This result means that γ has a lower limit that 
depends on the choice of the vertices that describe 
the hyperboxes belonging to every class. Choosing 
its value below threshold highlighted in (18) doesn’t 
have any effect on changing the slope of the 
membership function defined by (1) and (2). This 
constrain should be taken into consideration in any 
tweaking procedure for the γ parameter aimed at 
selecting a suited fuzziness degree for the 
neurofuzzy classifier behavior.  
4 CONCLUSIONS 
Min-Max neural networks together with ARC/PARC 
training procedures constitute a powerful, effective 
and automatic classification system, well suited to 
deal with complex diagnostic and identification 
tasks to be performed in real-time. In this paper we 
propose both a plain implementation and an 
optimized one of a classical Min-Max neural 
network, targeted to FPGA. The main structural 
difference between the plain and the optimized 
versions concerns the implementation of the 
hyperbox block.

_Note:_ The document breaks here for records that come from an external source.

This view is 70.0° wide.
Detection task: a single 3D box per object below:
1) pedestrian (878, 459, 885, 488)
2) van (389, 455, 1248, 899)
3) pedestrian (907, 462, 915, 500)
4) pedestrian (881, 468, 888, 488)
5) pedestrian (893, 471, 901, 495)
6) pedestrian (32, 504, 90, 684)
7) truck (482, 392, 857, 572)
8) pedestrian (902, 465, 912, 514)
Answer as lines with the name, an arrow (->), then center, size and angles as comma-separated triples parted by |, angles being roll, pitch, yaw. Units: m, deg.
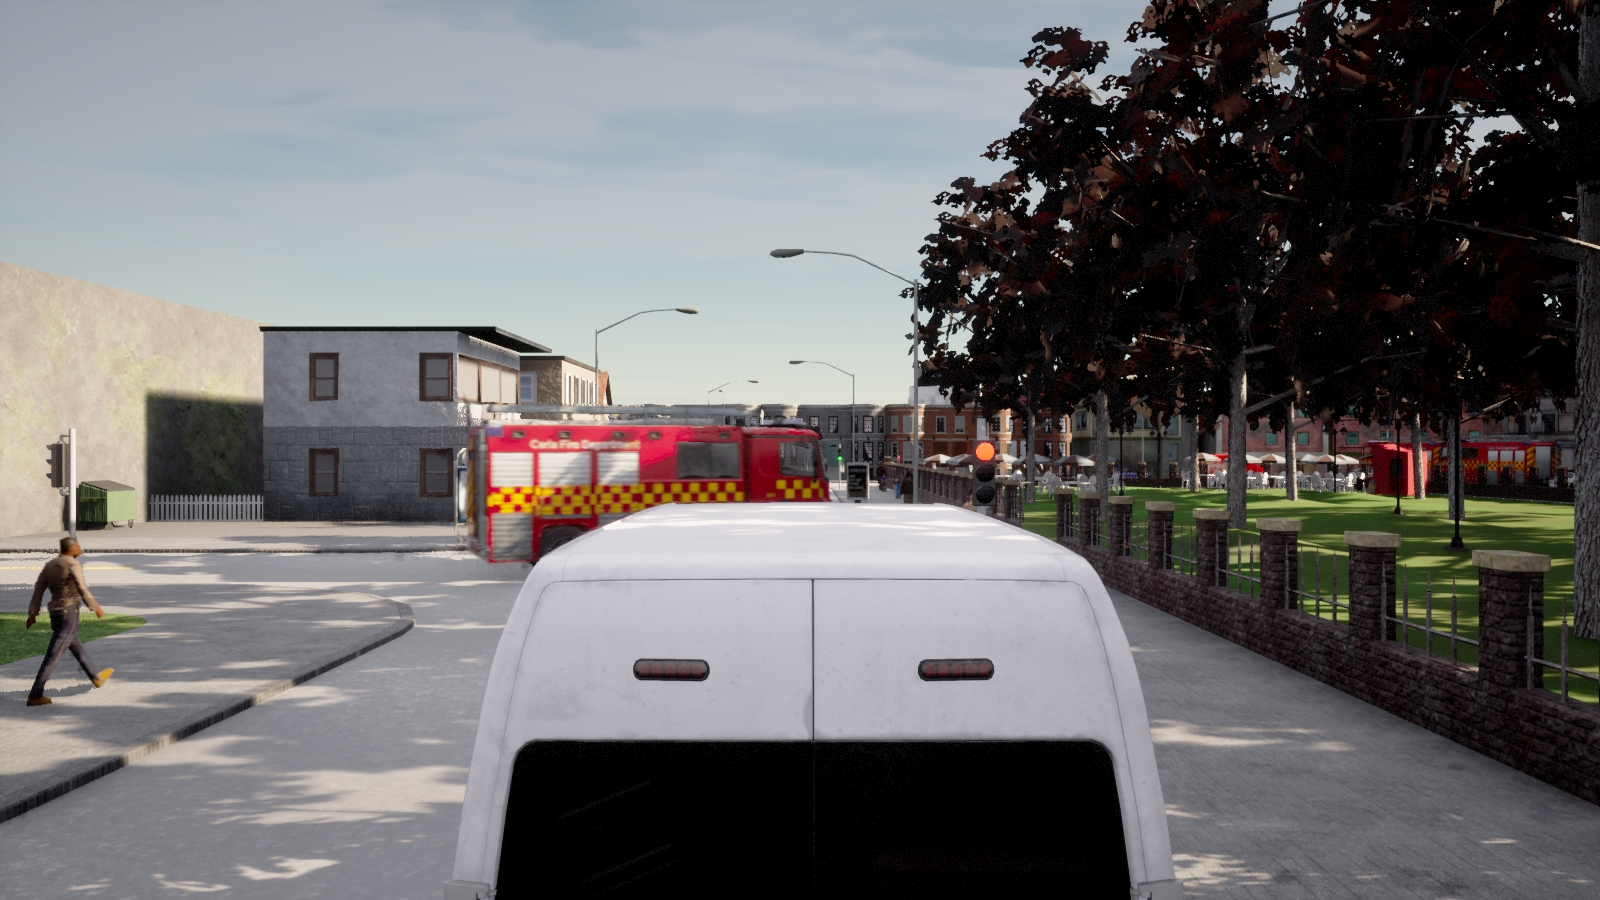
pedestrian -> 5.245, 1.516, 73.485 | 0.375, 1.860, 0.375 | 0, 0, 31
van -> 0.036, 1.314, 5.605 | 1.988, 2.561, 5.915 | 0, 0, 0
pedestrian -> 5.442, 1.525, 56.163 | 0.375, 1.860, 0.375 | 0, 0, 3
pedestrian -> 5.392, 1.796, 72.897 | 0.375, 1.300, 0.375 | 0, 0, 11
pedestrian -> 5.319, 1.805, 62.582 | 0.375, 1.300, 0.375 | 0, 0, -3
pedestrian -> -7.864, 1.517, 12.163 | 0.375, 1.860, 0.375 | 0, 0, 19
truck -> -3.059, 0.670, 27.465 | 8.468, 3.827, 2.891 | 0, 0, -25
pedestrian -> 4.109, 1.525, 43.769 | 0.375, 1.860, 0.375 | 0, 0, 2

We have shown that by rearranging 
the fuzzy membership function expression, it is 
possible to obtain a circuit characterized by the same 
latency, with a significant saving in terms of FPGA 
resources. 
We plan to develop specific embedded systems 
based on the proposed optimized implementation to 
be used in a wide range of possible applications. In 
particular we are designing a dedicated appliance for 
real-time fault diagnosis in electric machines and for 
on the fly TCP/IP application flows identification. 
ACKNOWLEDGEMENTS 
Authors wish to thank Altera Corporation for the 
useful support provided through a specific 
University Program concerning our research 
activity. Special thanks to Dr. Achille Montanaro, as 
the Altera Account Manager and the Italian Altera 
University Program Manager.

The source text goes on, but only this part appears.